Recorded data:
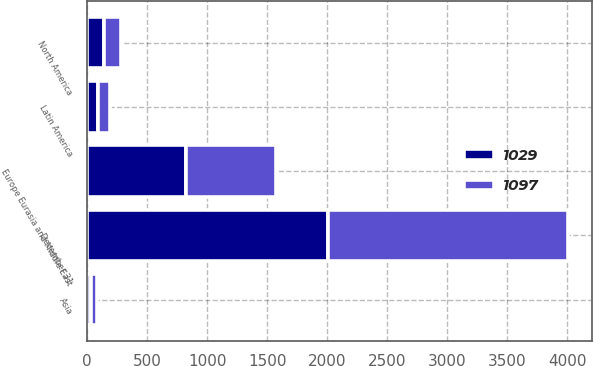<chart> <loc_0><loc_0><loc_500><loc_500><stacked_bar_chart><ecel><fcel>December 31<fcel>North America<fcel>Asia<fcel>Europe Eurasia and Middle East<fcel>Latin America<nl><fcel>1029<fcel>2004<fcel>140<fcel>37<fcel>828<fcel>92<nl><fcel>1097<fcel>2003<fcel>142<fcel>45<fcel>742<fcel>100<nl></chart> 
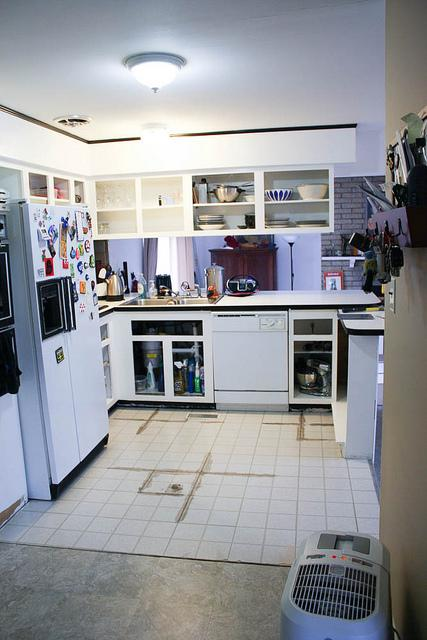What type of floor has been laid in the kitchen?

Choices:
A) tyle
B) carpet
C) linoleum
D) hardwood hardwood 
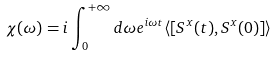<formula> <loc_0><loc_0><loc_500><loc_500>\chi ( \omega ) = i \int _ { 0 } ^ { + \infty } d \omega e ^ { i \omega t } \langle [ S ^ { x } ( t ) , S ^ { x } ( 0 ) ] \rangle</formula> 
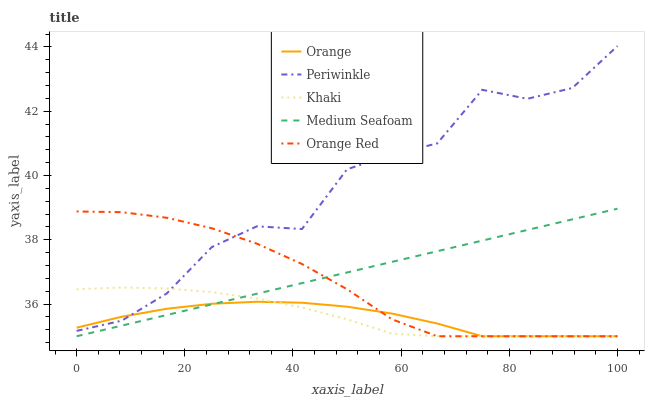Does Orange have the minimum area under the curve?
Answer yes or no. Yes. Does Periwinkle have the maximum area under the curve?
Answer yes or no. Yes. Does Khaki have the minimum area under the curve?
Answer yes or no. No. Does Khaki have the maximum area under the curve?
Answer yes or no. No. Is Medium Seafoam the smoothest?
Answer yes or no. Yes. Is Periwinkle the roughest?
Answer yes or no. Yes. Is Khaki the smoothest?
Answer yes or no. No. Is Khaki the roughest?
Answer yes or no. No. Does Periwinkle have the lowest value?
Answer yes or no. No. Does Periwinkle have the highest value?
Answer yes or no. Yes. Does Khaki have the highest value?
Answer yes or no. No. Is Medium Seafoam less than Periwinkle?
Answer yes or no. Yes. Is Periwinkle greater than Medium Seafoam?
Answer yes or no. Yes. Does Periwinkle intersect Orange Red?
Answer yes or no. Yes. Is Periwinkle less than Orange Red?
Answer yes or no. No. Is Periwinkle greater than Orange Red?
Answer yes or no. No. Does Medium Seafoam intersect Periwinkle?
Answer yes or no. No. 
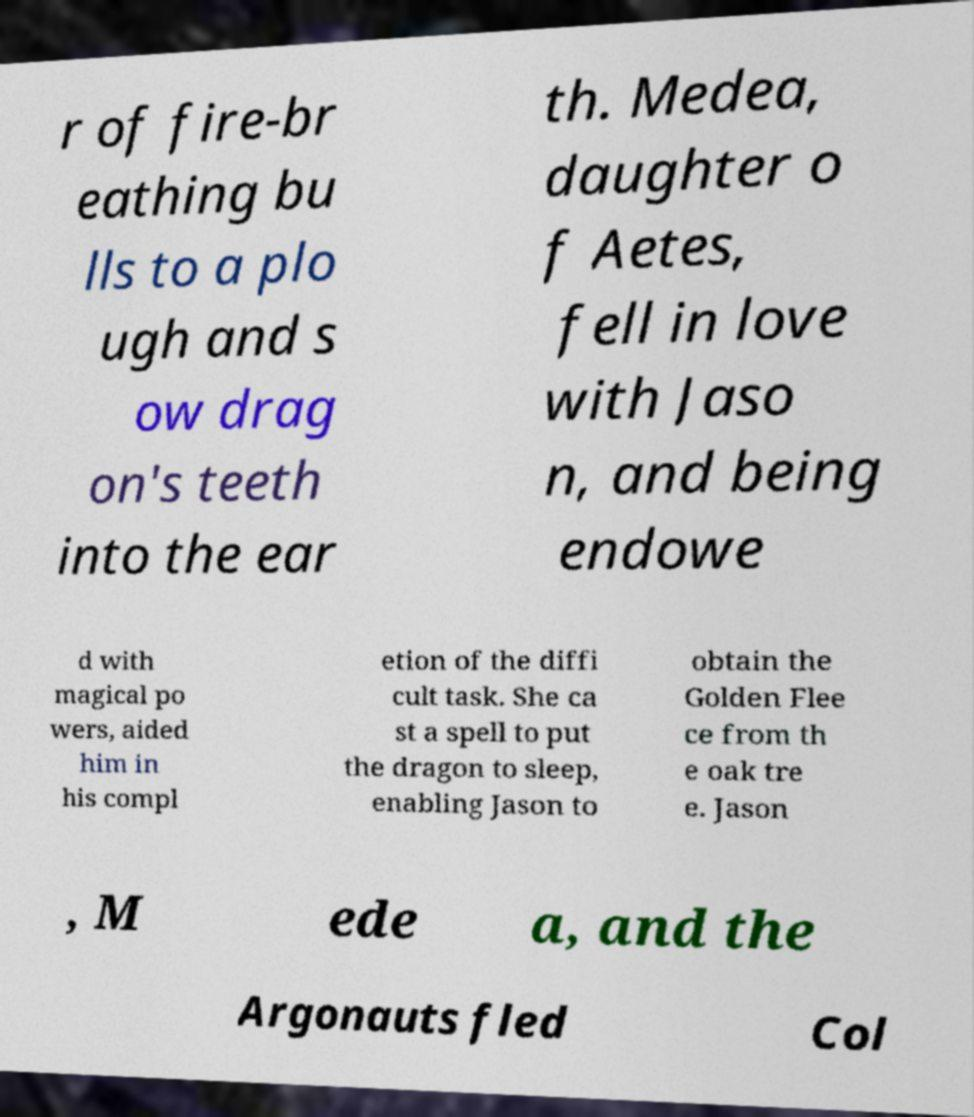What messages or text are displayed in this image? I need them in a readable, typed format. r of fire-br eathing bu lls to a plo ugh and s ow drag on's teeth into the ear th. Medea, daughter o f Aetes, fell in love with Jaso n, and being endowe d with magical po wers, aided him in his compl etion of the diffi cult task. She ca st a spell to put the dragon to sleep, enabling Jason to obtain the Golden Flee ce from th e oak tre e. Jason , M ede a, and the Argonauts fled Col

## Task:
Copy all lines from the data above that contain the word "Medium".

## Answer box:
Answer yes or no. No. Is Medium Seafoam the smoothest?
Answer yes or no. No. Is Medium Seafoam less than Periwinkle?
Answer yes or no. Yes. Is Periwinkle greater than Medium Seafoam?
Answer yes or no. No. Does Medium Seafoam intersect Periwinkle?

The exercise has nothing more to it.